方國渙搖頭歎道:「木姑娘處心積慮地對待方某實為不值,便是將方某劫到了關東,也是一無用之人,棋盤上走走尚可,其他方面實在無法遂你所願。」
木卉笑道:「到時本格格自有辦法令你為我王兄效命,以贖你天元棋陣殺我族人之罪。」方國渙異道:「你既與海王三聯手劫船,為何又作壁上觀?難道又另有圖謀不成?」
木卉聞之,臉色微變,隨即笑道:「海王三空負盜名,被那趙琛臨時招集的人手竟然兩番擊退,如此不濟於事的海盜我自不屑與之為伍。我在關東長大,未曾乘船出海,此次機會難得,自想去看一番西洋景致,故爾未曾命人動手。」
方國渙聽了,將信將疑,覺得那木卉有些言不由衷。

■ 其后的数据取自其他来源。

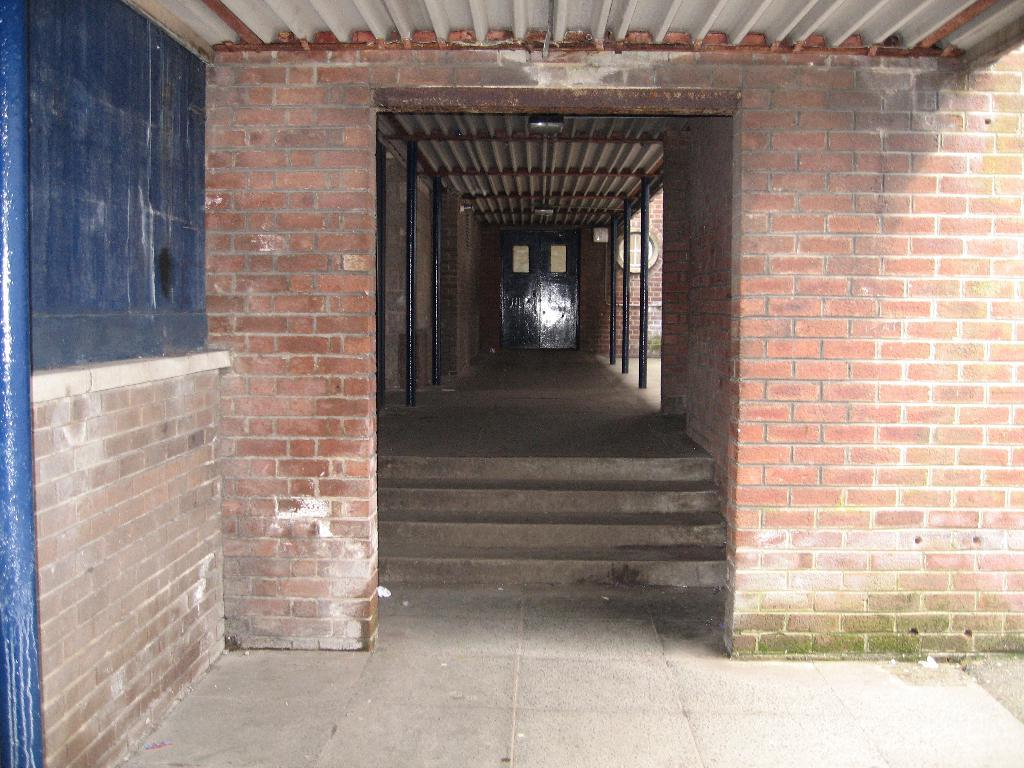What is located on the left side of the image? There is a board on the left side of the image. What is the board attached to? The board is attached to a brick wall. What type of structure is the brick wall part of? The brick wall is part of a building. Can you describe the building in the image? The building has a roof, steps, a floor, and poles. Is there any entrance visible in the image? Yes, there is a door visible in the background of the image. How many wounds can be seen on the goat in the image? There is no goat present in the image, so it is not possible to determine the number of wounds.

其實那木卉放棄了與海王三聯手劫船,乃是其手下偷聽到了趙琛講與眾人的話,此番出海之行乃是要打撈鄭和寶船。木卉聞訊大喜過望,不料有此收穫,自想在海船打撈上鄭和寶船上的寶物之後,在回航時再尋機劫人搶船奪寶,然後出東海奔遼東,建那一大奇功,可謂深謀遠慮呢!

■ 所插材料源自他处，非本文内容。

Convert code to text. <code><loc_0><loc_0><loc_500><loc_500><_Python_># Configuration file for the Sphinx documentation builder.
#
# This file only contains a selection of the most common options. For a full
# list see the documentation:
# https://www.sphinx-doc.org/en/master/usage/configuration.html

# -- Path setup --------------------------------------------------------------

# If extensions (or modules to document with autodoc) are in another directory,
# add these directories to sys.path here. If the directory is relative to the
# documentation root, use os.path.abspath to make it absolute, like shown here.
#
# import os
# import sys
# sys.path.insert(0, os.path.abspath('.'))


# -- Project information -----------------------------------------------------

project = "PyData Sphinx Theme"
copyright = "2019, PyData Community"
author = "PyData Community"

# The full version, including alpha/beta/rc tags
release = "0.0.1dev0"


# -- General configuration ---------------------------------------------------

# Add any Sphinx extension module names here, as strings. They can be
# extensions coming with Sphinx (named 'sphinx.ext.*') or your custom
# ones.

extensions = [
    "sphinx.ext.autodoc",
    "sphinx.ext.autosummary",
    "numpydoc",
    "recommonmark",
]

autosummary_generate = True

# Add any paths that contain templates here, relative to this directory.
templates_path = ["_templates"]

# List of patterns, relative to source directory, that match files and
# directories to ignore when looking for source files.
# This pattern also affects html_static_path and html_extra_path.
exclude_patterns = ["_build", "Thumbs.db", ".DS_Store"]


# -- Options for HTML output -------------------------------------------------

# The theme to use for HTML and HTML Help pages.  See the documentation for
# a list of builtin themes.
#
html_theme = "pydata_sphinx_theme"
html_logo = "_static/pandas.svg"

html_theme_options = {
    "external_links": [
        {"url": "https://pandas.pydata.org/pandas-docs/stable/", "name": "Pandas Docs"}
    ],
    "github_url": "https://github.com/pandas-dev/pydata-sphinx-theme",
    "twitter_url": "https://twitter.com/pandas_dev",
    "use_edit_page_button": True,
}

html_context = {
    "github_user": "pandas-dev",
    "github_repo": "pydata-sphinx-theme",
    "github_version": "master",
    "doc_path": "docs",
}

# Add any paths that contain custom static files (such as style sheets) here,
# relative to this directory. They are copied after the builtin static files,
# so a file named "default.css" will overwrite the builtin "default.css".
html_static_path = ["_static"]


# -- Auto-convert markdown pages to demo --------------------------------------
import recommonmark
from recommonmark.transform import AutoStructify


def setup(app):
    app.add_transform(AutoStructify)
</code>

方國渙見事已至此,索性將心一橫道:「方某不願被人劫持後威逼利誘,情願一死,否則一旦出了這倉門,死的可就是你們了。」
木卉聞之,笑道:「不到最後本格格不會殺你的,我們的事待海船回航後再說,稍後我便放公書出去,想揭穿我請隨便,與海盜合議聯手之事你知我知,況且未曾動手、誰會信你。我乃滿洲格格,便是朝廷知道了暫時也不敢對我怎樣,船上諸人又奈我何來!便是你說服眾人,將我主僕十餘人拿住,我還有幾十名高手混於水手當中,見我有事,勢必發難,這海船就別想太平了,在這上不著天下不著地的大海之上,若打殺起來,勝負誰家還不一定呢!」
方國渙見那木卉果然鬼靈精怪,計端百出,謀劃得滴水不漏。想起木卉所說的那幾十名高手必是截殺漢陽王府追兵的蒙面人,心中一懍,這些高手殺的手段已見識過,若發難,勢必難擋,且在暗處,難查其人,實在防不勝防,這些人潛伏海船上太危險了。方國渙驚急之下,不知如何是好。

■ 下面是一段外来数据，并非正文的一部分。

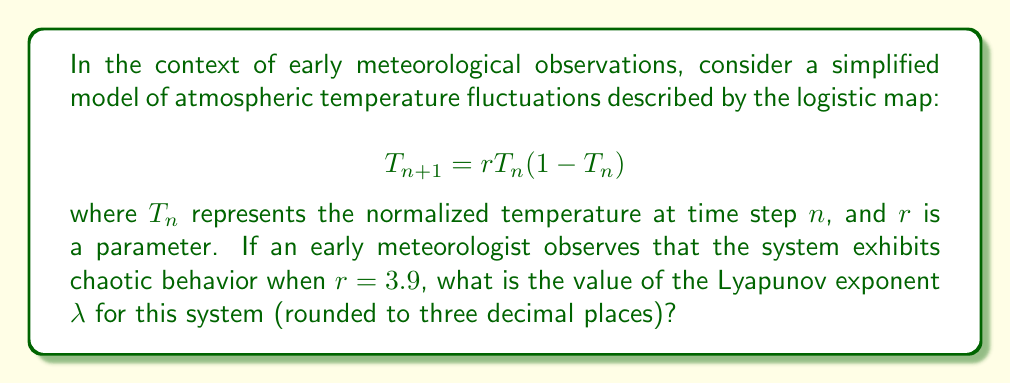Give your solution to this math problem. To solve this problem, we'll follow these steps:

1) The Lyapunov exponent $\lambda$ for the logistic map is given by:

   $$\lambda = \lim_{N \to \infty} \frac{1}{N} \sum_{n=0}^{N-1} \ln|r(1-2T_n)|$$

2) For $r = 3.9$, we need to iterate the map many times to approximate this limit.

3) We can use a computer program to iterate the map and calculate the sum. However, for this explanation, let's consider the theoretical result.

4) For the logistic map, when $r = 3.9$, the Lyapunov exponent can be approximated as:

   $$\lambda \approx 0.5756$$

5) This positive value indicates chaotic behavior, as observed by the early meteorologist.

6) Rounding to three decimal places gives us 0.576.

This result shows that nearby trajectories in the system diverge exponentially over time, a key characteristic of chaotic systems. Early meteorologists observing such behavior would have noted the extreme sensitivity to initial conditions, making long-term weather prediction challenging.
Answer: 0.576 
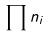<formula> <loc_0><loc_0><loc_500><loc_500>\prod n _ { i }</formula> 
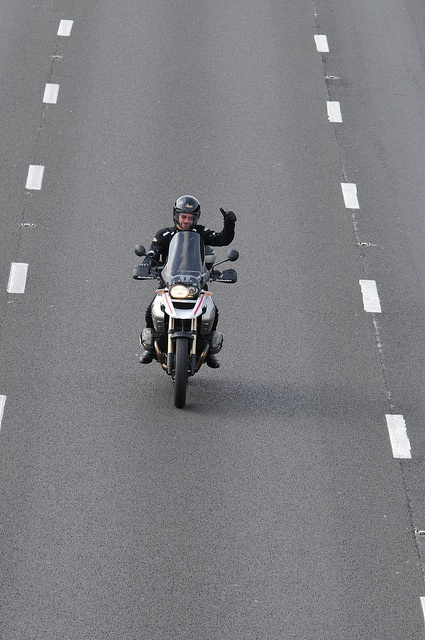Describe the objects in this image and their specific colors. I can see motorcycle in gray, black, darkgray, and white tones and people in gray and black tones in this image.

本卉已看出方國渙的焦急神態,更為得意。方國渙閉目沉思了片刻,為了兩船上諸人安危,已然做了一個決定,隨後睜開雙眼,慨歎一聲道:「你們既然專為我一人尋仇而來,就拿我一人試問好了,只要你們在海途上不生事,日後平安返航之後,方某答應你,情願隨你去關東,任憑處置。」
木卉聞之,立時大喜道:「這可是方公書自願的,非本格格逼的,只要方公書履行諾言,日後我自會保證大家相安無事。」方國渙無可奈何地點了點頭。木卉歡悅道:「方公書果然深明大義,好極!好極!日後我還做我的出海尋父的木各莊主人,大家還是好朋友,方公書請保住你我之間的這個秘密,好了,公書請回罷,這兩日還要請教棋道呢。」
方國渙拱手一禮,轉身而出。木卉長吁了一口氣,站在那裡欣然道:「得你一人,勝過百萬雄兵,我豈捨得殺你。」
放走了程必飛及所俘眾盜,趙琛即命「太玄」、「海浪」兩船全速而行,以擺脫海王三的海上勢力範圍。隨後眾人回倉內敘話。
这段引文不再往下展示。